What is that thing known only when it is given? What is the exercise and expression of everything that is uneconomic, strange and uncontrollable within? It is a singular feeling uniting a plethora of experiences, desires and sensations. It unifies but never unites. It never utters a final word. But talk of it, or of soul, heart or romance, establishes immediately a distance, alienation, a semi-sacred threshold. Only its lack lays its content bare. If it has language, it is in music. Rarely words, which we are all so easily hung up on. Its expression is physical. How else does one prove the sun except lift up daylight’s veil? These words come ringed with generations of angst and doubt and contain little comfort.
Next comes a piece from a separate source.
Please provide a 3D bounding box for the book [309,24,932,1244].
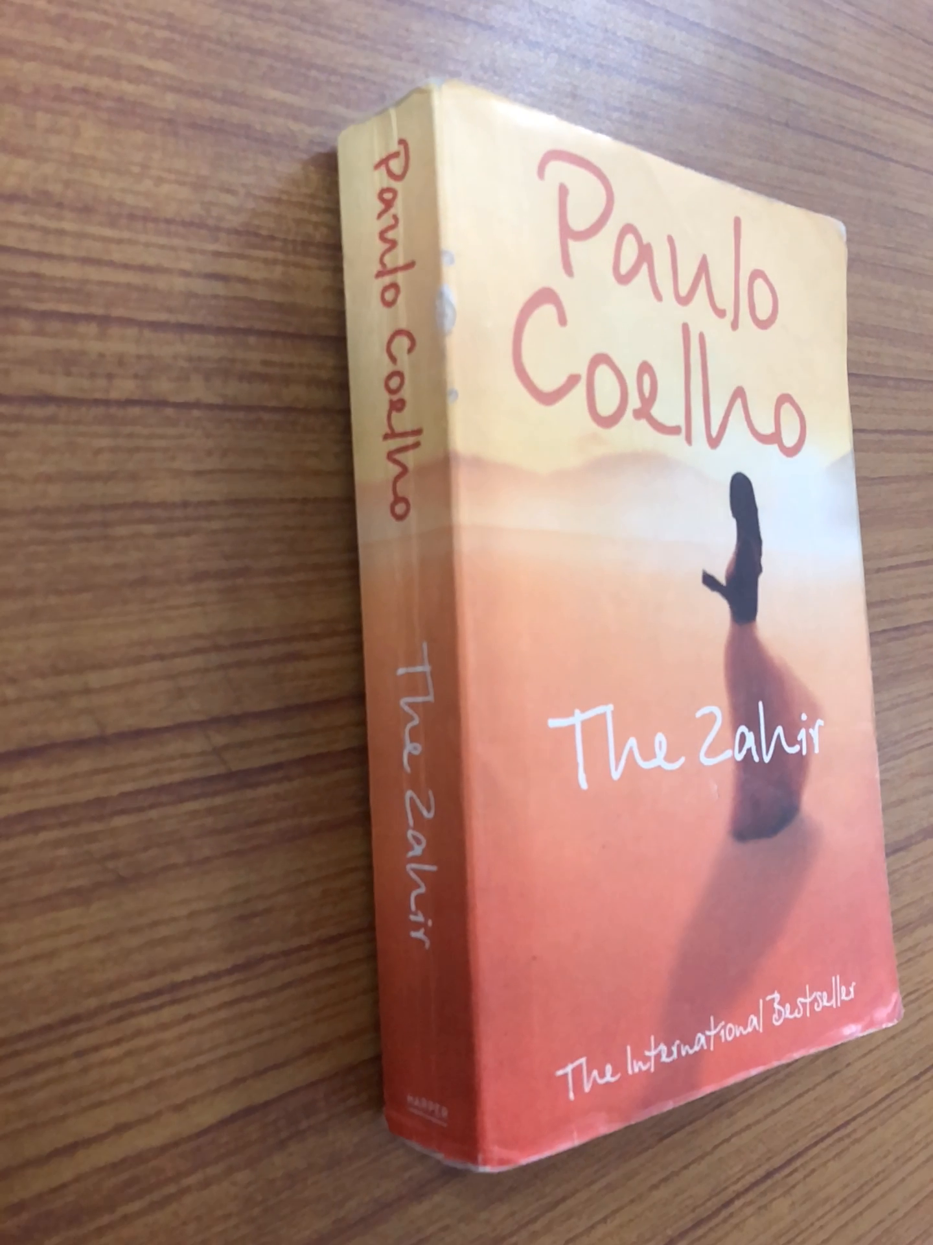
[{"bbox_3d":[0.036,0.001,0.204,0.120,0.040,0.180,1,84,-38],"label":"book"}]

Its greatest theorists come starved or deliberately fasting of it. Poets leave it to the night. And all of this above is strange, or pretentious, or nonsensical, unless right now you too are animated by it, of which there is no more to be written but only spoken, enthusively and without end.
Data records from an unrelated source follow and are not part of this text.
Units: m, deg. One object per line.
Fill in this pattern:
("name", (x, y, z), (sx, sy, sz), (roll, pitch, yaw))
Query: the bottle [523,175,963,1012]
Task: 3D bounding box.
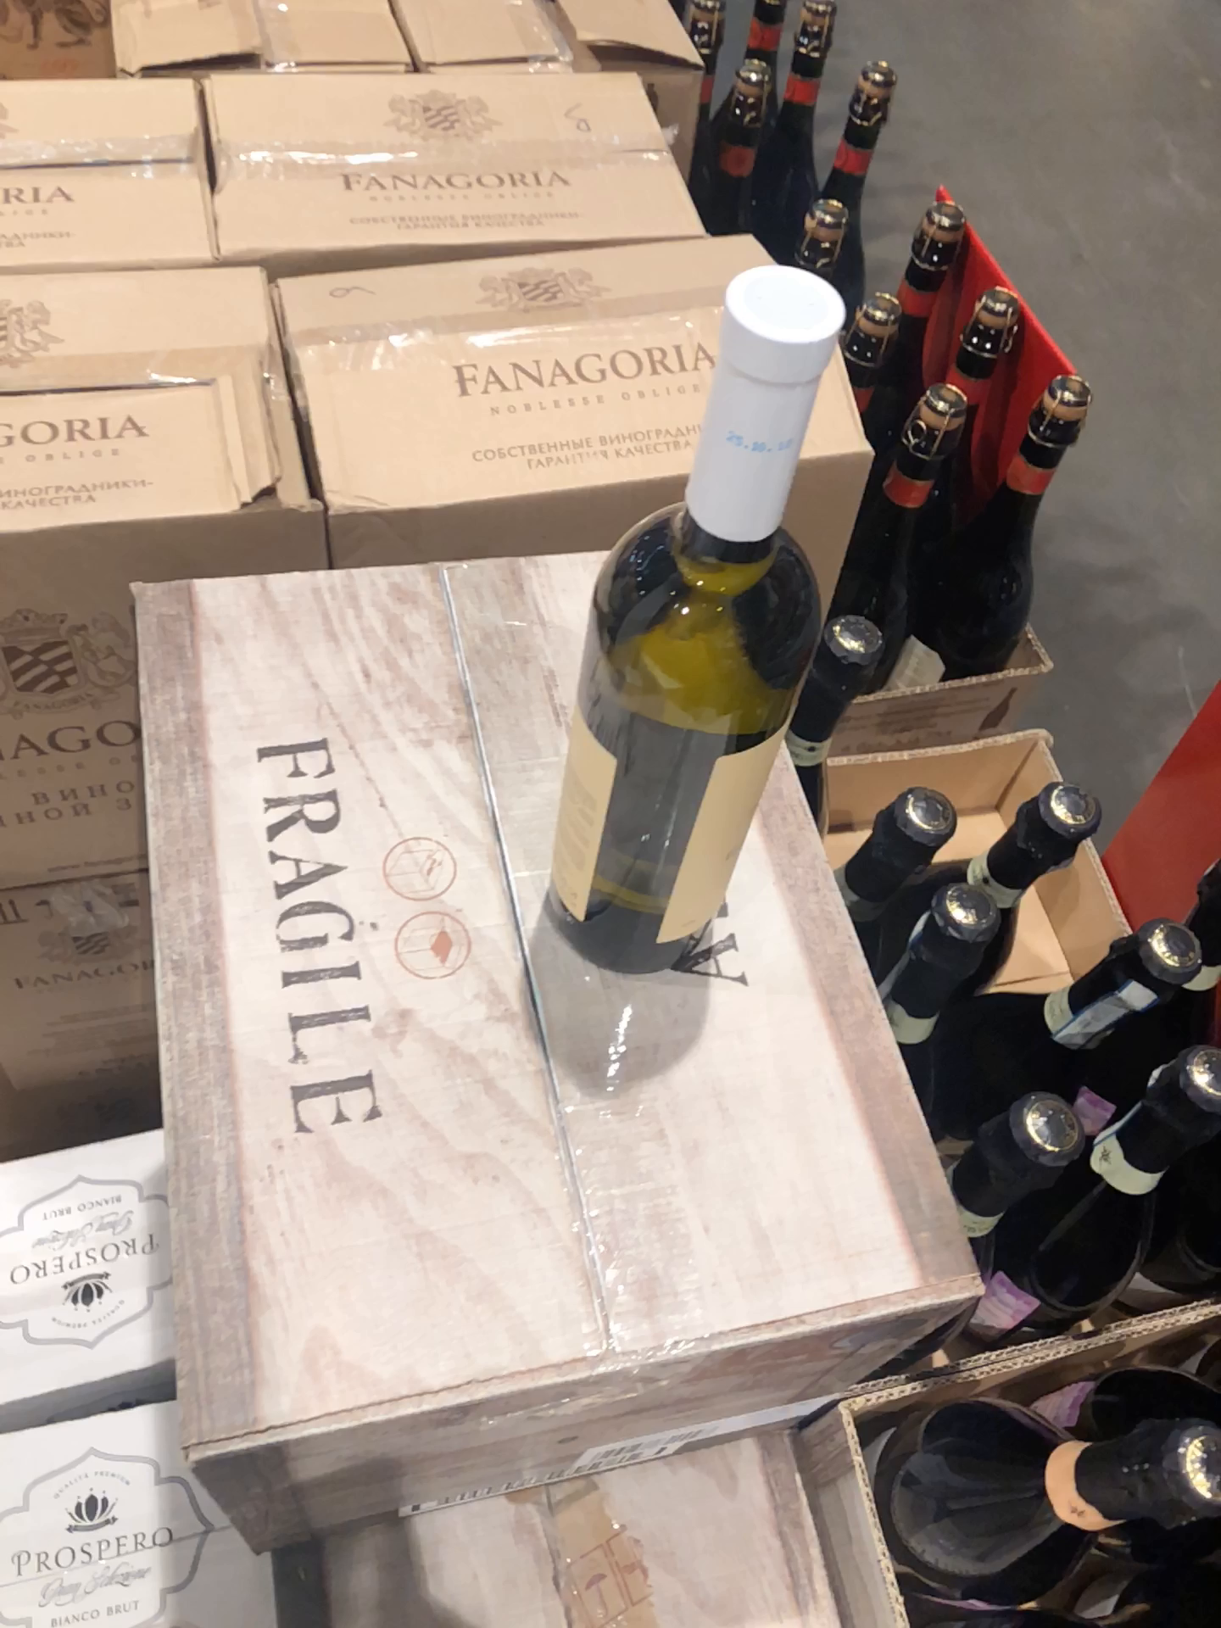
("bottle", (0.030, -0.046, 0.464), (0.080, 0.298, 0.091), (15, 55, 2))

Same too, possibly, of those who write of God, universe and nature, only names with attachment to specific images or pre-loaded linguistic connotations, that distort or zoom too quickly into this immensity. Intoxication’s never half of it.



Elements of the known universe, 2013.


Riddle 2.

What if you had time?
So what if you had the time?

And say I gave you that time?
We’d be nowhere fast until you gave yourself the time.

Maybe you feel you’ve been made old by your memories, that the time that you grasp vainly is too finite. Or perhaps through an education in long-term illness, you haven’t got strength to cash in that time, to claim chips, be it credit or debit. Then you know the value of time better than I do. And so then you know that it’s not something you’ve got, but something you’re giving. So what remains to hold onto?


Ramon Casas, Madeline

Ramon Casas, Madeleine 1892.


In every guise, say someone paid you to pursue this and document the results, in whatever medium came to hand: the nameless, the strange, dirty and dangerous, the wonderful and unknown, the peerless, incommensurable, the oceanic feeling, that of the cosmos, the absolute or whatever name books give it. Until it’s given a name, any experience, object, image or sensation which provokes a feeling of awe and compulsion to repeat and explore.

How would you handle it? Give it a year, see. A wager. Why not?